Feminists rightly criticize the best-known version of this story, Aeschylus’ Oresteia, as an allegory of the shift from indigenous goddess-worship to patriarchal religion. But this explanation doesn’t account for the emotional impact of Orestes’ tragic situation.

Men – and perhaps mothers – sense that he made the only possible choice. The classicist Robert Fagles argues that Clytemnestra represents the Great Mother as well as the bad mother. When she tells Orestes, “I see murder in your eyes, my child – mother’s murder,” she is stating both “a horrified accusation and a challenge.” Her “death-cry is a birth-cry too, for she brings forth the destiny of her son; she turns his innocence into power.”

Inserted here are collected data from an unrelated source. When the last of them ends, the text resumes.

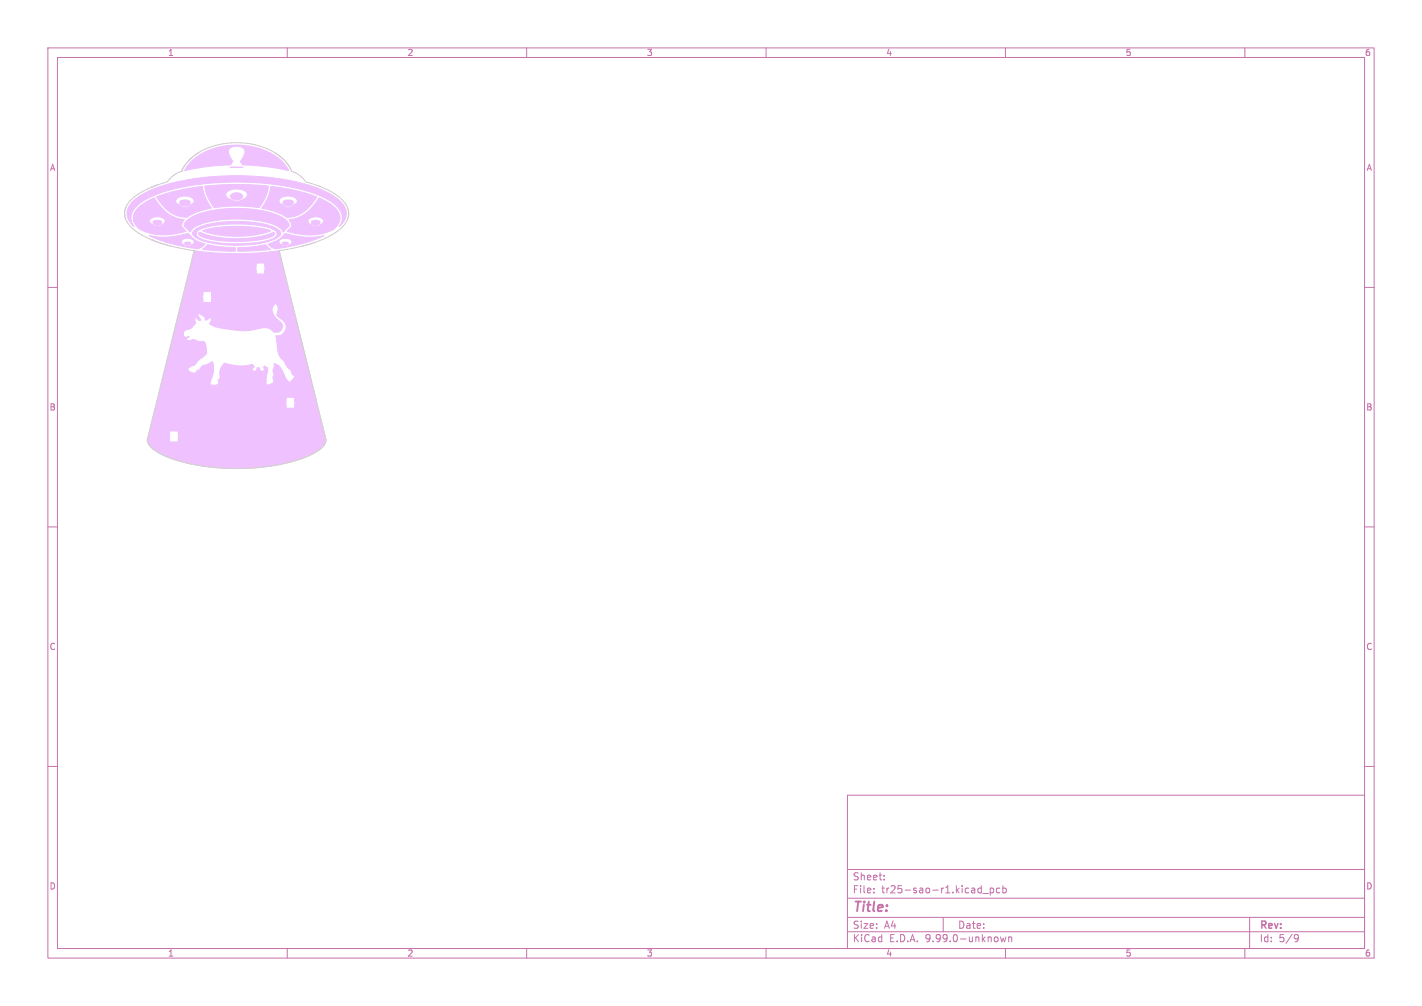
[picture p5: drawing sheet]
<svg xmlns="http://www.w3.org/2000/svg" width="297mm" height="210mm" viewBox="0 0 297 210" stroke-linecap="round" stroke-linejoin="round" font-family="sans-serif">
<defs><g id="words">
<text font-size="2.8" fill="#c872ab" x="178" y="190.9">Title:</text>
<g font-size="2.1" fill="#c872ab">
<text x="178" y="184">Sheet:</text>
<text x="178" y="186.7">File:</text>
<text x="184.1" y="186.7">tr25-sao-r1.kicad_pcb</text>
<text x="178" y="196.9">KiCad</text>
<text x="178" y="194.1">Size:</text>
<text x="184.7" y="194.1">A4</text>
<text x="185.7" y="196.9">E.D.A.</text>
<text x="193.3" y="196.9">9.99.0-unknown</text>
<text x="200" y="194.1">Date:</text>
<text x="263" y="194.3">Rev:</text>
<text x="263" y="196.9">Id:</text>
<text x="267.1" y="196.9">5/9</text>
</g>
<g font-size="1.8" fill="#c872ab">
<text x="35" y="11.9">1</text>
<text x="85" y="11.9">2</text>
<text x="135" y="11.9">3</text>
<text x="185" y="11.9">4</text>
<text x="235" y="11.9">5</text>
<text x="285" y="11.9">6</text>
<text x="10.3" y="35.9">A</text>
<text x="285.4" y="35.9">A</text>
<text x="10.3" y="85.9">B</text>
<text x="285.3" y="85.9">B</text>
<text x="10.3" y="135.9">C</text>
<text x="285.3" y="135.9">C</text>
<text x="10.3" y="185.9">D</text>
<text x="285.3" y="185.9">D</text>
<text x="35" y="199.9">1</text>
<text x="85" y="199.9">2</text>
<text x="135" y="199.9">3</text>
<text x="185" y="199.9">4</text>
<text x="235" y="199.9">5</text>
<text x="285" y="199.9">6</text>
</g>
</g></defs>
<g fill="none" stroke="#c872ab" stroke-width=".21">
<path d="M10 10h277v190h-277zM12 12h273v186h-273zM60 10v2M110 10v2M160 10v2M210 10v2M260 10v2M10 60h2M285 60h2M10 110h2M285 110h2M10 160h2"/>
<path d="M177 166h108v32h-108zM285 160h2M60 198v2M110 198v2M160 198v2M177 194.5h108M177 191.5h108M177 187.5h108M177 181.5h108M182.5 186.3v.1M182.5 185.5v.1M184.7 183.6v.1"/>
<path d="M184.7 182.8v.1M197 191.5v3M204.8 185.4l.2 .1M205 184.9v1.5M205 186.3l-.2 .1M205.3 186.5h1.2M206.8 185.4v1.5M206.8 185.5l.4-.1 .3 .3-.1 .6h-.6M208.8 185.5l-.4-.1-.3 .3 .1 .6h.6M209 195.6l.2 1 .3-.7 .3 .7 .3-1M209.5 185.5l.4-.1 .3 .3-.2 .6h-.5M209.5 184.9v1.5"/>
<path d="M210 198v2M210.7 195.6v1M210.7 195.7l.2-.1 .3 .1 .1 .9M260 198v2M261 191.5v6.5M270.6 195.1l.5 .1a.99 .99 0 0 1-.4 1.4h-.2M271.2 195.7l-.3 .3h-.3"/>
</g>
<g fill="#efc1ff" stroke="#efc1ff" stroke-width=".21">
<path d="M40.6 52.3l4.1 .5 4.4 .2 4.6-.2 4.1-.4a.35 .35 0 0 1 .3-.1 .35 .35 0 0 1 .3 .3l9.7 39.3a5.1 5.1 0 0 1-3.4 3.2 42.7 42.7 0 0 1-16.2 2.7h-.2a36.9 36.9 0 0 1-15-3.2l-1.7-1.2-.8-1.1h6.5v-2.3h-1.9v2.3h-4.6v-.5l1.6-6.6h29.2v-2.3h-1.9v2.3h-27.3l3.8-15.4 2.1 .1a.68 .68 0 0 0 .5 .5 .68 .68 0 0 0 .7-.2v.1a.45 .45 0 0 0-.4 .2 .45 .45 0 0 0 0 .5l.5 .1 .9-.2 1.4 .4a.84 .84 0 0 1 .9 .1 .84 .84 0 0 1 .2 .9l.1 .8a.81 .81 0 0 1-.5 1.2l-1.4 1.2a2.13 2.13 0 0 1-1.4 1.1l-.3 .1a.38 .38 0 0 0-.3 .4 .38 .38 0 0 0 .3 .4l.3 .2a.9 .9 0 0 0 1.3-.1l.1-.3a.37 .37 0 0 0 .4 0 .37 .37 0 0 0 .2-.4 1.76 1.76 0 0 1 1.6-.8l.6-.4a.32 .32 0 0 1 .4-.1 .32 .32 0 0 1 .1 .4l.1 1.7-.5 1.5a.95 .95 0 0 0-.2 1.1l1.2 .1a.5 .5 0 0 0 .6-.4 .77 .77 0 0 1 .3-1.1l-.1-1.2 .3-.9 .7-1 .5 .1a8.4 8.4 0 0 0 5.2 .1l.3 .3a.22 .22 0 0 1 .2 .3 .22 .22 0 0 1-.2 .2 .46 .46 0 0 0 .3 .7 .46 .46 0 0 0 .5-.6v-.2l.5 .1a.5 .5 0 0 0 .2 .6 .5 .5 0 0 0 .7-.1 .5 .5 0 0 0-.1-.7 .34 .34 0 0 1 .4-.2 .34 .34 0 0 1 .3 .3l.2 .1v.4l-.3 1.4v1.6a1.41 1.41 0 0 0 1.6-.6v-.2a1.04 1.04 0 0 1 0-1.1l-.2-1 .3-1.4a2.83 2.83 0 0 1 2 2.2 2.12 2.12 0 0 0 1.2 1.7l.3-.2a1.18 1.18 0 0 0 .7-1.1l-.6-.6a1.82 1.82 0 0 0-1-1.4l-.7-1.2a4 4 0 0 1-1.4-3.6l-.2-1.6a1.92 1.92 0 0 0 2.1-1.5 1.92 1.92 0 0 0-1.3-2.2l-.1-.1a.75 .75 0 0 1-.3-1.2 1.58 1.58 0 0 0-.4-1.8l-.4 .4a2.18 2.18 0 0 0 .9 3.1l.3 .3a1.24 1.24 0 0 1 .5 1.5 1.24 1.24 0 0 1-1.4 .7h-.3l-.3-.2a3.2 3.2 0 0 0-3.4-.4l-.6 .1a18.2 18.2 0 0 1-8.9-1.1l-.2-.2a.75 .75 0 0 0 .1-1.2l-1 .6a2.29 2.29 0 0 0-1.3-1.5 .74 .74 0 0 0 .2 1.2l.1 .2a.85 .85 0 0 1-.9-.7l-.3 .7a.91 .91 0 0 1-.4 1.3l-.4 .4-.5 .2a1 1 0 0 0-1.1 1.1h-2.1l1.7-6.6h6.3v-2.3h-1.9v2.3h-4.4l1.4-6h16.1v-2.3h-1.9v2.3h-14.2z"/>
<path d="M42.3 52l1.1-.9 2.7 .4 3.1 .2v.8l-3.9-.2z"/>
<path d="M49.6 51.7l2.8-.1 2.6-.4a.86 .86 0 0 1 1 .5l.5 .4-6.9 .4z"/>
<path d="M56 50.9l1.2-.4h1l.2 .4 1 .6 .5-.1 .5-.3a.66 .66 0 0 0 .6-.8 .66 .66 0 0 0-.8-.5 1.42 1.42 0 0 0-2 .7h-1l1.1-.5 .9-.9a.6 .6 0 0 1 1-.2l3.8 .6h1.7l2-.3-.2 .1a35.1 35.1 0 0 1-9.8 2.6l-.8-.2z"/>
<path d="M31.1 49.2l2.9 .3a17.2 17.2 0 0 0 5.3-.8l.2 .3a6.5 6.5 0 0 0 3.3 1.9l-.6 .6-.9 .4-3.3-.5-3.5-.9h3.3l.3 .4 .9 .6 .6-.1 .4-.3a.65 .65 0 0 0 .6-.7 .65 .65 0 0 0-.7-.6 1.57 1.57 0 0 0-2.1 .7h-3.3z"/>
<path d="M35.2 51.2l.3 .1z"/>
<path d="M63.3 51.3l.4-.1z"/>
<path d="M40.5 48.1a12.5 12.5 0 0 1 6.9-1.8 20.4 20.4 0 0 1 10.5 1.5 .98 .98 0 0 1 .7 1 .98 .98 0 0 1-.8 .9 22.1 22.1 0 0 1-9 1.5 16.2 16.2 0 0 1-8.1-1.8l-.5-.6h.8a2.26 2.26 0 0 0 2.1 1.4 27.8 27.8 0 0 0 13.9-.4 1.01 1.01 0 0 0 .9-1 1.01 1.01 0 0 0-1-1 27.7 27.7 0 0 0-14.8-.1l-.8 .5-.3 .6h-.8z"/>
<path d="M34.4 51l.5 .2z"/>
<path d="M64 51.2l.4-.2z"/>
<path d="M33.7 50.8l.5 .2z"/>
<path d="M64.7 51l.4-.2z"/>
<path d="M33.1 50.6l.5 .2z"/>
<path d="M65.3 50.8l.4-.2z"/>
<path d="M32.3 50.3l.6 .2z"/>
<path d="M31.5 50l.6 .3z"/>
<path d="M60.4 45.9a8.8 8.8 0 0 0 6.3-4.6 7.2 7.2 0 0 1 4.3 3.6 2.91 2.91 0 0 1-1.5 3.1 13.4 13.4 0 0 1-9.5 .3l.4-.4a1.02 1.02 0 0 0 .2-1.8h3.7l.1 .4 .4 .3a1.75 1.75 0 0 0 2.8-.7 1.98 1.98 0 0 0-2.3-.8l-.7 .3-.3 .5h-3.7z"/>
<path d="M28.9 43.3l1.3-1 2-1a7.9 7.9 0 0 0 6.3 4.5 1.16 1.16 0 0 0-.4 1.7l.8 .8-.5 .1a11.8 11.8 0 0 1-9.5-.8l-1-1.4h3.3l.2 .4 .4 .2a1.61 1.61 0 0 0 2.3-.1 .7 .7 0 0 0 .4-.8 .7 .7 0 0 0-.7-.5l-.9-.1a1.63 1.63 0 0 0-1.7 .9h-3.3a2.63 2.63 0 0 1 1-2.9z"/>
<path d="M39.1 46a12.4 12.4 0 0 1 6.9-2.3l2.6-.2a21.7 21.7 0 0 1 10.5 2l.9 .7a.87 .87 0 0 1 .4 .8 .87 .87 0 0 1-.6 .7l-.7 .7a2.99 2.99 0 0 0-2.3-1.7 26.4 26.4 0 0 0-15.5 .3 2.4 2.4 0 0 0-1.6 1.5l-1.3-1.4 .2-.5z"/>
<path d="M27.7 42.1l1-.9 1.7-1a38.4 38.4 0 0 1 15.5-3.4 51 51 0 0 1 21.7 3 7.8 7.8 0 0 1 4.5 3.6 3.6 3.6 0 0 1-1.2 3.9 3.2 3.2 0 0 0-1-4.6 22.8 22.8 0 0 0-10.3-3.9 58.9 58.9 0 0 0-25.9 1.4 10.6 10.6 0 0 0-5.7 3.4 2.94 2.94 0 0 0 0 3.7l-.1-.1a3.3 3.3 0 0 1-.2-5.1z"/>
<path d="M72.7 45.3v.1z"/>
<path d="M26.1 45.3v.1z"/>
<path d="M56.6 38.9a34.9 34.9 0 0 1 9.6 2.2l-.3 .4a6.9 6.9 0 0 1-6.1 3.8 12.6 12.6 0 0 0-5.1-1.8l.9-1.5h2.7l.2 .5 1.3 .8 1-.1 .5-.4a.95 .95 0 0 0 .8-1 2.58 2.58 0 0 0-3.8-.1v.3h-2.7a8.2 8.2 0 0 0 1-3.1z"/>
<path d="M32.7 41.1l.2-.1a34.9 34.9 0 0 1 9.4-2 9.4 9.4 0 0 0 1.9 4.5 13.6 13.6 0 0 0-5.2 1.8 6.6 6.6 0 0 1-5.8-3.3h3.5l.1 .4 .6 .3a1.74 1.74 0 0 0 2.6-.1 .8 .8 0 0 0 .5-.9 .8 .8 0 0 0-.8-.6 2.78 2.78 0 0 0-2.9 .6l-.1 .3h-3.5z"/>
<path d="M72.8 45.1v.1z"/>
<path d="M26.1 45.1v.1z"/>
<path d="M26 44.8l.1 .2z"/>
<path d="M72.8 44.8v.2z"/>
<path d="M26 44.6v.1z"/>
<path d="M26 44.4v.1z"/>
<path d="M72.8 44.4v.1z"/>
<path d="M26.1 44.2l-.1 .1z"/>
<path d="M72.8 44.2v.1z"/>
<path d="M26.1 43.9v.2z"/>
<path d="M72.8 43.9v.2z"/>
<path d="M26.1 43.7v.2z"/>
<path d="M72.7 43.7v.1z"/>
<path d="M26.2 43.5v.1z"/>
<path d="M26.3 43.3l-.1 .1z"/>
<path d="M42.8 38.9l6.5-.4 6.3 .3a.33 .33 0 0 1 .5 .1 .33 .33 0 0 1-.1 .4 7.7 7.7 0 0 1-2 4.1l-4.7-.4-4.5 .4a6.5 6.5 0 0 1-1.6-2.8h3.9a2.37 2.37 0 0 0 1.6 1.3 2.89 2.89 0 0 0 2.9-1.1 1.58 1.58 0 0 0-1.8-1.3 2.65 2.65 0 0 0-2.7 1v.1h-3.9z"/>
<path d="M31.5 39.1l.7-.2z"/>
<path d="M32.3 38.8l.6-.2z"/>
<path d="M38 35.5l-.1 .2z"/>
<path d="M60.8 35.5l.1 .2z"/>
<path d="M39.9 33.8a14.8 14.8 0 0 1 14.6-2.7 9 9 0 0 1 5.8 4.5 47.2 47.2 0 0 0-9.6-1.2l-.1-.1a.74 .74 0 0 1 .1-1.3 1.48 1.48 0 0 0 .1-2.1l-1.1-.4a1.8 1.8 0 0 0-2 1 4.4 4.4 0 0 0 .9 2.2l-.2 .3a.57 .57 0 0 1-.9 .4l-.1 .1a45.8 45.8 0 0 0-8.9 1.1z"/>
<path d="M38.2 35.2l-.1 .2z"/>
<path d="M60.6 35.2l.2 .2z"/>
<path d="M60.5 34.8l.1 .3z"/>
<path d="M48.1 34.9h2.6z"/>
<path d="M60.3 34.5l.1 .3z"/>
<path d="M38.6 34.6l-.1 .1z"/>
<path d="M60.1 34.3l.1 .2z"/>
<path d="M38.8 34.3l-.1 .1z"/>
<path d="M39 33.9l-.1 .2z"/>
<path d="M59.8 34l.2 .1z"/>
<path d="M39.3 33.7l-.2 .2z"/>
<path d="M59.6 33.7l.1 .2z"/>
<path d="M39.5 33.5l.1-.1-.3 .2z"/>
<path d="M59.3 33.4l.2 .2z"/>
<path d="M39.7 33.2l.2-.1-.3 .2z"/>
<path d="M59.1 33.1l.1 .2z"/>
<path d="M39.9 33l.2-.2z"/>
<path d="M58.7 32.8l.2 .2z"/>
<path d="M40.2 32.7l.2-.1z"/>
<path d="M58.4 32.6l.2 .2z"/>
<path d="M58.1 32.3l.3 .2z"/>
<path d="M40.6 32.5l.1-.1z"/>
<path d="M40.9 32.3l.2-.2z"/>
<path d="M57.8 32.1l.2 .2z"/>
<path d="M41.2 32l.2-.1z"/>
<path d="M57.4 31.9l.2 .1z"/>
<path d="M59 50.7a.81 .81 0 0 1 1.2 .2 .64 .64 0 0 1-.7 .3 .64 .64 0 0 1-.5-.5z"/>
<path d="M38.6 50.7a.75 .75 0 0 1 1.2 .2 .63 .63 0 0 1-.7 .3 .63 .63 0 0 1-.5-.5z"/>
<path d="M41.6 48.6l.1-.1a23.9 23.9 0 0 0 15.5 0l.2 .3a3.1 3.1 0 0 1-2.4 1.1l-3.4 .4-4 .1a12.2 12.2 0 0 1-6-1.4l-.1-.2z"/>
<path d="M42.3 48.2l.3-.1a27.7 27.7 0 0 1 14 .1h-.2a23 23 0 0 1-14.1 0z"/>
<path d="M65.1 46.2l.2-.1a1.17 1.17 0 0 1 1.5 .4 .92 .92 0 0 1-.9 .6 .92 .92 0 0 1-.8-.8z"/>
<path d="M32 46.2a1.26 1.26 0 0 1 1.8 .2 .9 .9 0 0 1-1 .7 .9 .9 0 0 1-.8-.8z"/>
<path d="M59.2 42a1.45 1.45 0 0 1 2.1 .3 1.13 1.13 0 0 1-1.2 .7 1.13 1.13 0 0 1-1-.9z"/>
<path d="M37.6 42.1a1.63 1.63 0 0 1 2.1 .1 1.15 1.15 0 0 1-1.1 .8 1.15 1.15 0 0 1-1.1-.8z"/>
<path d="M48.3 40.6a1.6 1.6 0 0 1 2.4 .4 1.47 1.47 0 0 1-2.6 0z"/>
<path d="M34.2 90h1.2v.8h-1.2z"/>
<path d="M34.2 91.5h1.2v.8h-1.2z"/>
<path d="M37.2 91.5h1.2v.8h-1.2z"/>
<path d="M37.2 90h1.2v.8h-1.2z"/>
<path d="M58.6 82.9h1.1v.8h-1.1z"/>
<path d="M58.6 84.4h1.1v.8h-1.1z"/>
<path d="M61.5 84.4h1.2v.8h-1.2z"/>
<path d="M61.5 82.9h1.2v.8h-1.2z"/>
<path d="M41.2 60.9h1.2v.8h-1.2z"/>
<path d="M41.2 62.4h1.2v.8h-1.2z"/>
<path d="M44.2 62.4h1.2v.8h-1.2z"/>
<path d="M44.2 60.9h1.2v.8h-1.2z"/>
<path d="M52.3 54.9h1.2v.8h-1.2z"/>
<path d="M52.3 56.4h1.2v.8h-1.2z"/>
<path d="M55.3 56.4h1.2v.8h-1.2z"/>
<path d="M55.3 54.9h1.2v.8h-1.2z"/>
<circle cx="38.3" cy="34.9" r=".1"/>
</g>
<path d="M27.5 41.6a17.4 17.4 0 0 1 7.5-3.6 5.8 5.8 0 0 1 2.9-2.2 9.8 9.8 0 0 1 6.8-5.3 15 15 0 0 1 14.8 3.1l1.1 1.5a.95 .95 0 0 0 1 .9l1.1 .7 1.2 1.3a15.6 15.6 0 0 1 8.2 4.4 3.6 3.6 0 0 1-.8 5.1 21.1 21.1 0 0 1-9.7 4.2l-3.3 .6 9.8 39.5a3.7 3.7 0 0 1-2.3 2.7 36.1 36.1 0 0 1-17.3 3.3 35 35 0 0 1-15.5-3.3 3.7 3.7 0 0 1-2.2-2.7l9.7-39.5a26.9 26.9 0 0 1-12.6-4.4 3.9 3.9 0 0 1-1.7-4.5l.6-1z" fill="none" stroke="#d0d2cd" stroke-width=".21"/>
<use href="#words"/>
</svg>

Electra, Orestes and Clytemnestra

The murder of the bad mother – as mother complex – was an act that he had to accomplish before knowing his own masculine nobility. Yet only after his years of grief and atonement would Athena and the elders of Athens judge him as sufficiently transformed to be admitted to the community of mature adults, the polis. In one variant of the story he bit off a finger, sacrificing it to the Furies. Perhaps the finger symbolizes not phallic potency but the brittle masculine armoring that actually veils the fear of those who haven’t cut the maternal chord.

Orestes survived the symbolic death of his old self. He was willing to experience the descent into madness, and his grief was not merely for himself but for his criminal ancestors. In killing the bad mother (rather than marrying her), he also killed the family curse. In refusing to pass it on to further generations, he embodied the truth repeatedly sung in the Oresteia: “Sing sorrow, sorrow, but good wins out in the end.”

Does the killing of the mother in myth serve as a model for misogynistic treatment of actual women? For some men, absolutely. But we miss an opportunity when we take mythic images literally. These are symbolic murders that become literalized only when a person or (in our case) an entire culture loses the capacity for metaphorical thinking. Jung writes, “To the logos, unconsciousness is the primal sin, evil itself. Therefore, its creative act of liberation is matricide.” But there is a price: Orestes must grieve and repent his action, even if a god demanded it.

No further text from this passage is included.